To interpret this ALE plots we have to take into consideration, that if the value is above 0 it increases the probability of predicting a Default. If the probability is below 0, it increases the probability of No Default. Here there are some interesting findings:

* AMT_INCOME_TOTAL doesn't affect the prediction as its value is always 0. Which is an interesting finding considering that, at first glance, we might think that the lower the income, the higher the probability of default.

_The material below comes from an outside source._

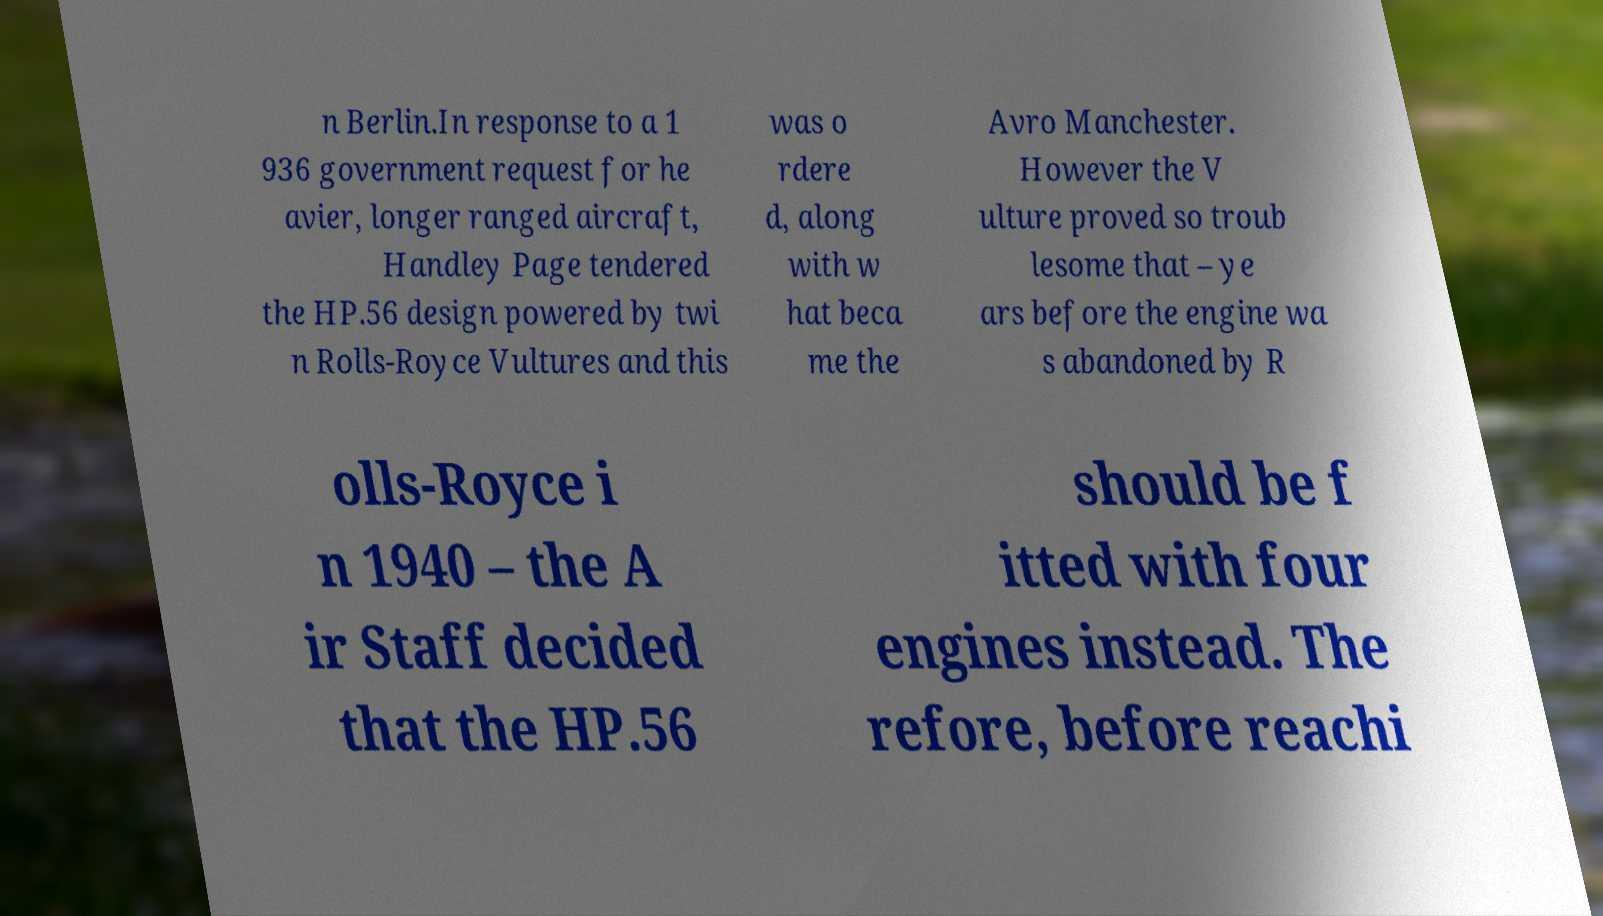For documentation purposes, I need the text within this image transcribed. Could you provide that? n Berlin.In response to a 1 936 government request for he avier, longer ranged aircraft, Handley Page tendered the HP.56 design powered by twi n Rolls-Royce Vultures and this was o rdere d, along with w hat beca me the Avro Manchester. However the V ulture proved so troub lesome that – ye ars before the engine wa s abandoned by R olls-Royce i n 1940 – the A ir Staff decided that the HP.56 should be f itted with four engines instead. The refore, before reachi

* In AMT_CREDIT we can see that until a concrete credit amount it decreases the probability of Default, but after a certain value it increases considereably the probability of Default.
* Low values in INCOME_PER_FAMILY_MEMBER increases the probability of Default.
* Looking at AGE_AT_APPLICATION, the younger you are, the higher the probability of default. After a certain age, the probability of default starts to decrease.
* According to INCOME_GOODS_RATIO, low values increase your probability of default, while high values decrease it.
* Low values in INCOME_CREDIT_RATIO increase the probability of default, while high values decrease it.
* Individuals with a low value in DAYS_LAST_PHONE_CHANGE have a higher probability of default.
* Very high values in HOUR_APPR_PROCESS_START and DAYS_ID_PUBLISH significantly increase the probability of default.
* High, uncommon values in DAYS_EMPLOYED increase the probability of default.
* Low values in AMT_GOODS_PRICE increase the probability of default.